Wednesday, October 21, 2009

Google for Music... by Google?

The big goal of my research for the past few years has been to build a system that we liken to "Google for Music". Using signal processing and machine learning to analyze music, we can automatically associate any songs with hundreds of descriptive tags. This means that you can find music without knowing the name of the band / song / album you want - just by typing in words that describe what you want to hear. To check out a prototype of our system, go to HerdIt.org and sign up to be a Beta tester. While you're there, play Herd It and make the search engine even smarter!

Now it seems that Google is finally getting on board with this themselves. After years of staying away from music (the legal, licensing and logistical difficulties scared even them), it seems like Google music may be coming soon.

Now, all we need to do is get them to use our algorithms to make their search even better!

Modelling Music as a Dynamic Texture

My paper "Modeling Music as a Dynamic Texture" has been accepted for publication in IEEE Transactions on Audio, Speech and Language Processing! This is work with my colleague and good buddy, Prof. Antoni Chan, and my advisor and good buddy, Prof. Gert Lanckriet and is awesome for at least 5 reasons:
  1. It presents a new, statistical model of musical audio that really takes time into account
  2. It introduces - and solves - the "Bohemian Rhapsody problem" (in case you don't know what this is - try describing the sound of BoRhap in 5 words or less...)
  3. Our model can automatically separate the verse, chorus, solo, bridge, etc parts of any song as well or better than anything else
  4. It will be a chapter in my thesis
  5. I get to talk about Freddie Mercury's falsetto, Bjork and the Beatles in an academic paper
Lookout for the paper in a library near you before the end of the year! We're working on extending the model to more Music Information Retrieval tasks like tagging and similarity. In the meantime, check out some of our results on automatically segmenting music.
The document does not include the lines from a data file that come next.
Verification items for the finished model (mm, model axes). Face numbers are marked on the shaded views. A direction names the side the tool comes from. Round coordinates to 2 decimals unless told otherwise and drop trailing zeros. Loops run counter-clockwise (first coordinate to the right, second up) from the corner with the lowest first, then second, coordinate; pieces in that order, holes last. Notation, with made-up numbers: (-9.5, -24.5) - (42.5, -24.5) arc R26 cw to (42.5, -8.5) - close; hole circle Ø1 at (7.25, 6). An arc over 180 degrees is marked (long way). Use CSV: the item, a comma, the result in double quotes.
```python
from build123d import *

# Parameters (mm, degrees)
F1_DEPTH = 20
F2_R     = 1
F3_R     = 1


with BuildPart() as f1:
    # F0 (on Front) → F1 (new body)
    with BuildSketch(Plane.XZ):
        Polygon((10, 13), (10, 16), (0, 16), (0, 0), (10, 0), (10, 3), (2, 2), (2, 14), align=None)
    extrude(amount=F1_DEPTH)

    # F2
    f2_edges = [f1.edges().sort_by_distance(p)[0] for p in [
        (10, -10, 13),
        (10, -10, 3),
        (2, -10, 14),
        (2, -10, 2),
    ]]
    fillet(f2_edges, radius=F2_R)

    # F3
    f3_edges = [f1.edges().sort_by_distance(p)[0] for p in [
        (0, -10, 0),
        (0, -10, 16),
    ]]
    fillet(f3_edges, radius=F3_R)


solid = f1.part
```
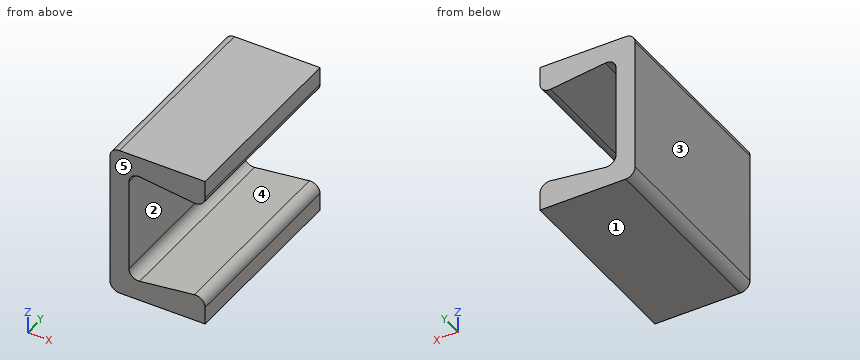
1) Cross-section at B-B, the plane y = -11.5. Record the cut outline in (x, z), then the cut area to 3 significant figures.
Returned:
outline,"(0, 1) arc R1 ccw to (1, 0) - (10, 0) - (10, 1.87) arc R1 ccw to (8.88, 2.86) - (3.12, 2.14) arc R1 cw to (2, 3.13) - (2, 12.87) arc R1 cw to (3.12, 13.86) - (8.88, 13.14) arc R1 ccw to (10, 14.13) - (10, 16) - (1, 16) arc R1 ccw to (0, 15) - close"
area,"71.6 mm²"
2) Mould release check, pull along Z, two halves, no side actions. Record for the marked faces 1, 2 and 3: +Z half, -Z half, draft (parallel to the pull), parting line (faces both ways), or undercut.
Returned:
face 1,"-Z half"
face 2,"undercut"
face 3,"draft"
3) Cross-section at C-C, the plane z = 13.5. Record the cut outline in (x, y).
Returned:
outline,"(0, -20) - (2.23, -20) - (2.23, 0) - (0, 0) - close; (6, -20) - (9.77, -20) - (9.77, 0) - (6, 0) - close"
4) Access from +Z, -Z, +X, -X, +Y, -Y to the whole of each face (thin tool, end or side, straight path). Record for the marked faces 4 and 5.
Returned:
face 4,"+Y, -Y"
face 5,"+Z, -Z, +X, -X, -Y"
5) Thickness scan on probe 1 along Z at (x, y) = (3, -16); probe 2 along X at (y, z) = (-14, 3.25); probe 3 along Z at (x, y) = (7.25, -17). Record the ranges inside material, lowest first. Write a range as [from, to].
Returned:
probe 1,"z = [0, 2.13], [13.87, 16]"
probe 2,"x = [0, 2]"
probe 3,"z = [0, 2.66], [13.34, 16]"
6) Cross-section at A-A, the plane x = 7.5. Record the cut outline in (y, z), then the cut area to 4 significant figures.
Returned:
outline,"(-20, 0) - (0, 0) - (0, 2.69) - (-20, 2.69) - close; (-20, 13.31) - (0, 13.31) - (0, 16) - (-20, 16) - close"
area,"107.5 mm²"
7) Gauge pin test, flat ends, axial feed: pin 1 Ø5 at (y, z) = (-16.5, 3.5) entering from +X; pin 2 Ø8 at (y, z) = (-10, 9.5) entering from +X; pin 3 Ø1 at (y, z) = (-15.5, 8) entering from +X. Record the tip position at first contact, or that the pin passes through.
Returned:
pin 1,"stops at x = 10"
pin 2,"stops at x = 9.77"
pin 3,"stops at x = 2"

Listen to the 35-second version of Bohemian Rhapsody!

Monday, October 12, 2009

Calling library objects from a loaded SWF

Herd It is a Flash application that loads lots of external SWFs - to play minigames, show results, etc. - into the main SWF loaded by the player. The problem is that, any object that is defined in the loaded, external SWF is not known to the main SWF in advance and so can not be referenced by the main SWF's ActionScript code.

When you load the external SWF as a Loader, you can refer to objects on it's stage using:
var myLoader:Loader = new Loader();
var myUrlReq:URLRequest = new URLRequest("data.swf");
myLoader.load(myUrlReq);
var myObject:* = myLoader.content["myTimelineObject"];

I always had thought that you couldn't access anything from the external SWF's library - until now! Thanks to this blog post by Koen De Weggheleire (another good thing to come from Belgium), I have learned that it IS possible to access the external SWF's library.
First, we load the loader:
var myLoader:Loader = new Loader();
var myUrlReq:URLRequest = new URLRequest("data.swf");
myLoader.load(myUrlReq);

Once the loader has loaded (you may want an Event.COMPLETE handler to wait for this), we can now find objects in the external SWF's library using the contentLoaderInfo's applicationDomain:
var LibraryClass:Class = loader.contentLoaderInfo.applicationDomain.getDefinition("LibraryClassName") as Class;
var myLibraryObject:MovieClip = new LibraryClass as MovieClip;

Nice one, Belgium!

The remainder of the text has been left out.